But like most bloggers – and every lawyer – Green struggles to acknowledge that his worldview may be merely one of many competing standpoints. He builds his argument to support his position and in doing so is inevitably selective in the sources he uses to sustain his thesis. Like most bloggers and every lawyer, Green is therefore essentially a politician. And he’s spun like Mandelson over his outrage at the treatment of Paul Chambers.
Chambers has been convicted under section 127 of the Communications Act 2003, which states that:
“a person is guilty of an offence if he sends by means of a public electronic communications network a message or other matter that is grossly offensive or of an indecent, obscene or menacing character”.
Chambers admits sending the tweet: “Crap! Robin Hood airport is closed. You’ve got a week and a bit to get your shit together otherwise I’m blowing the airport sky high!!”
Green was incorrect in suggesting (as he did here) that he could face prosecution for repeating the text of Chambers’ tweet in a 1,500-word case analysis. He could not – as he well knows – because of the context in which the words were repeated. Indeed, the case on which Green has built his argument supporting Chambers’ appeal – DPP v Collins – makes it clear he can sleep soundly. Sedley LJ said in that case’s High Court appeal:
“The same content may be menacing… in one message and innocuous in another. As was pointed out in argument, counsel in the present case are unlikely to have exposed themselves to prosecution by discussing its facts on the telephone. A script writer e-mailing his or her director about dialogue for a new film is not likely to fall foul of the law, however intrinsically menacing… the text they are discussing. In its context, such a message threatens nobody… Here, as elsewhere, context is everything.”
Green has quoted Collins extensively, but not that extract. Perhaps he may have appeared less daring by highlighting both that he was taking no risk in repeating the tweet and that the case turns on the context of Chambers’ words, not the words themselves.

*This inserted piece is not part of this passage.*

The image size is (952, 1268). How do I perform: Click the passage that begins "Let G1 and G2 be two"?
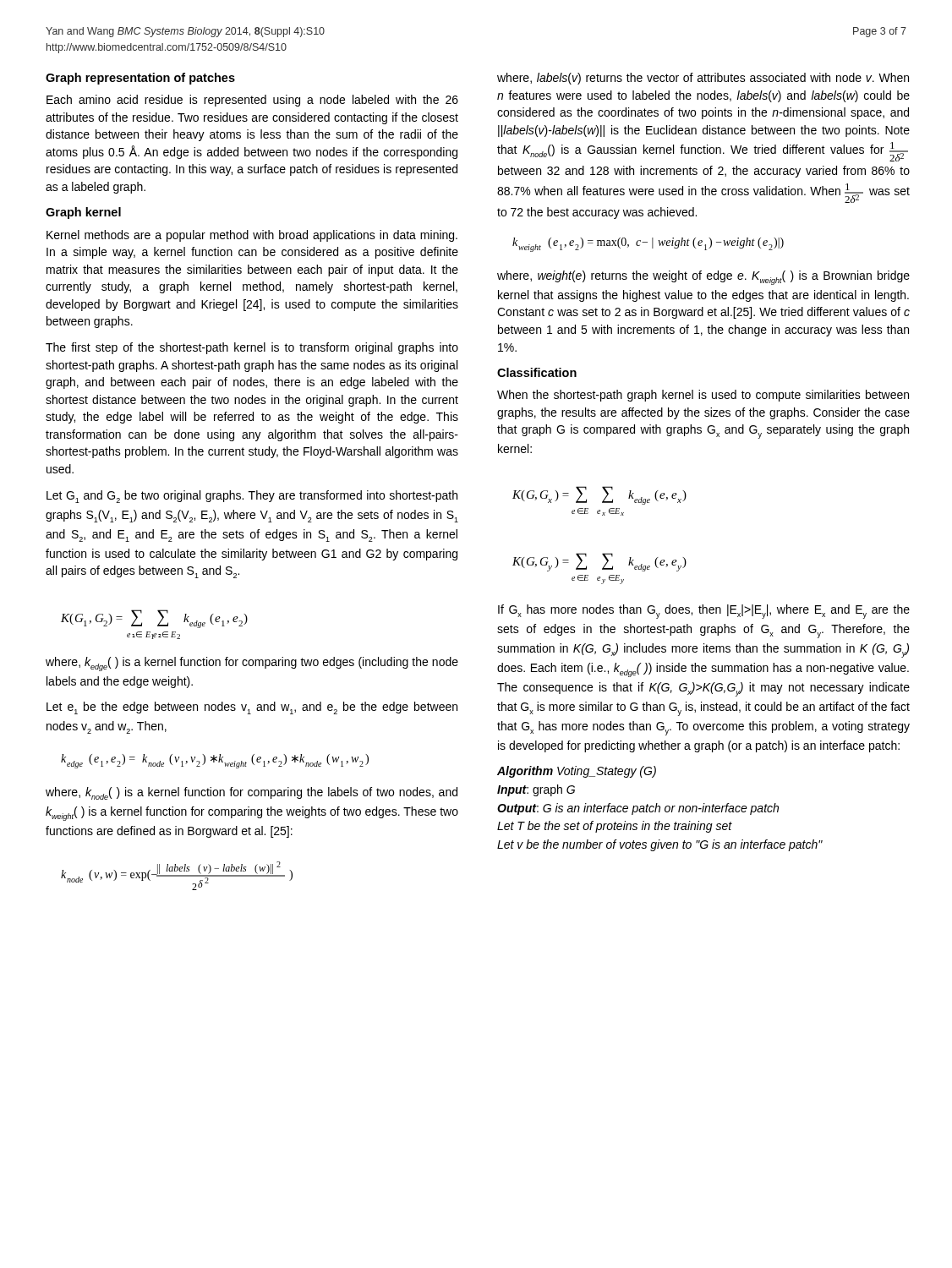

Green has implied that section 127 requires the message itself be “menacing” (ie be a threat). It must not; it must merely be “of a menacing character”. It is a pedantic but important distinction. Again, Collins is explicitly supportive of this point. In the House of Lords appeal, Bingham LJ said:
“[T]he object of section 127(1)(a)… is not to protect people against receipt of unsolicited messages which they may find seriously objectionable… The purpose of the legislation… was to prohibit the use of a service provided and funded by the public for the benefit of the public for the transmission of communications which contravene the basic standards of our society… [I]t is plain… that the proscribed act, the actus reus of the offence, is the sending of a message of the proscribed character by the defined means. The offence is complete when the message is sent. Thus it can make no difference that the message is never received… Nor… can the criminality of a defendant’s conduct depend on whether a message is received by A, who for any reason is deeply offended, or B, who is not. On such an approach criminal liability would turn on an unforeseeable contingency… It is for the Justices to determine as a question of fact whether a message is grossly offensive, that in making this determination the Justices must apply the standards of an open and just… society, and that the words must be judged taking account of their context and all relevant circumstances.”

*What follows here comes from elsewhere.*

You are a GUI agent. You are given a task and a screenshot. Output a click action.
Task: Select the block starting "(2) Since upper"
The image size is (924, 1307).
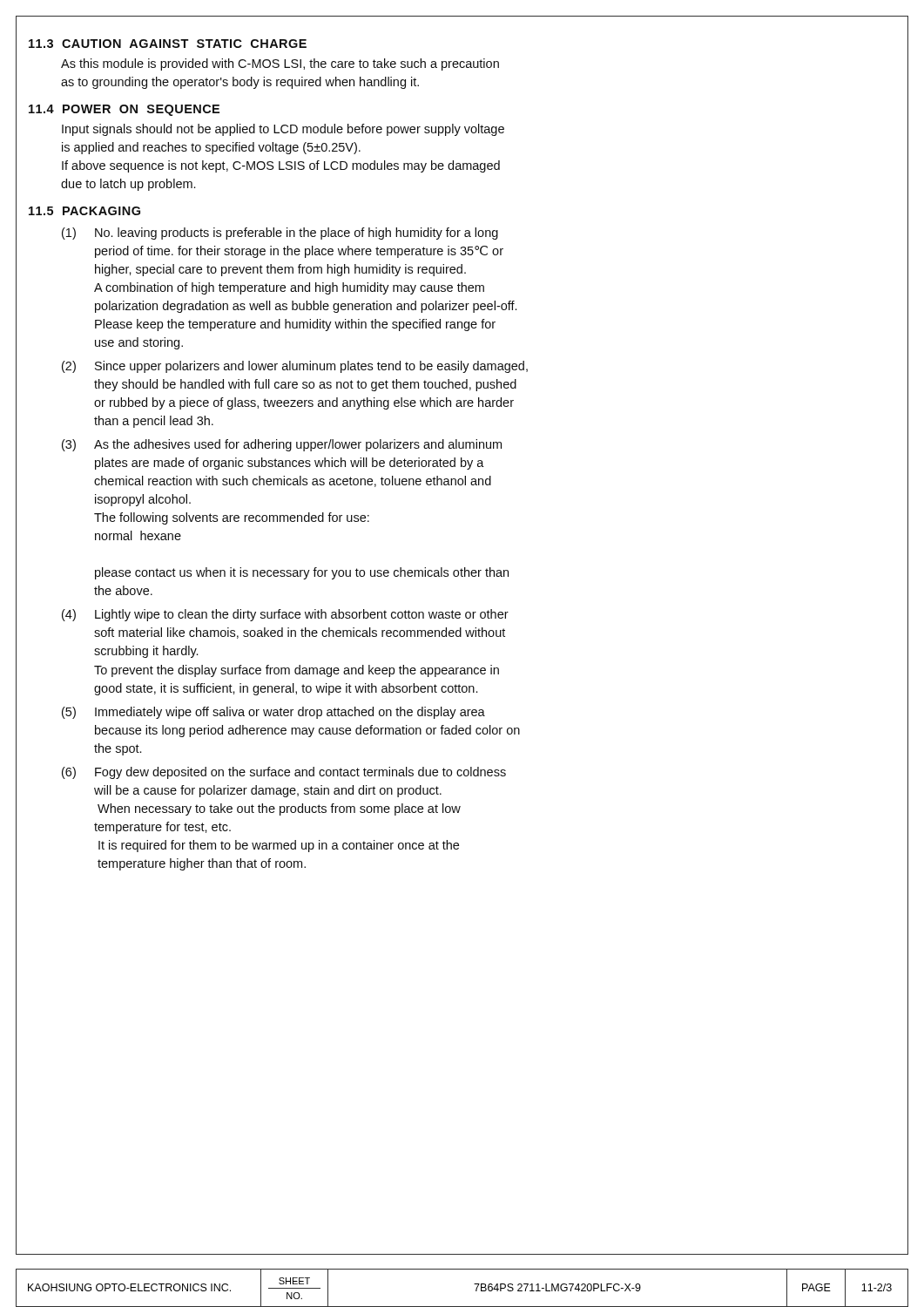tap(479, 394)

It seems reasonable to assume this applies equally when deciding whether a message is “of a menacing character”.
It is not contentious to propose either that intimating blowing up an airport is “of a menacing character” or that a significant proportion of the population would consider it so. And if the reader disagrees, I invite her or him to consider the following scenario.
Imagine your entire family is booked to fly on a TwitAir flight tomorrow. Tonight, a tweet appears on Twitter’s public timeline threatening that flight.
Because of Chambers, Sky News is monitoring Twitter for things like this and reports the threat. But, because the tweet is littered with exclamation marks and couched in cartoonish terms, many think it’s a joke and the authorities don’t bother to investigate. The police tell Sky they’re going to let it slide because it’s “obviously a joke”.
Would you let your children, spouse and parents get on that plane tomorrow? Would you really…?
And if that TwitAir flight explodes mid-flight, killing 250 people, would you want to be the police officer who chose not to investigate? Or that officer’s Chief Constable? Or the Home Secretary explaining to Parliament and voters the failings that led to such a catastrophe?
Would you really…?
Not everybody uses Twitter. Not everybody is steeped in Twitter’s culture of throwaway banter and Generation Meh’s affected air of ennui. Twitter’s pervasiveness in its users’ lives and its media omnipresence do not alter the fact that many people simply don’t understand what Twitter is or how it works. Perhaps those people shouldn’t be presiding over a criminal trial in which Twitter and its culture are central to proceedings, but they exist in large numbers. And they might well be within that significant percentage that feels that, generally speaking, jokes about bombing airports are no laughing matter – maybe even “of a menacing nature”.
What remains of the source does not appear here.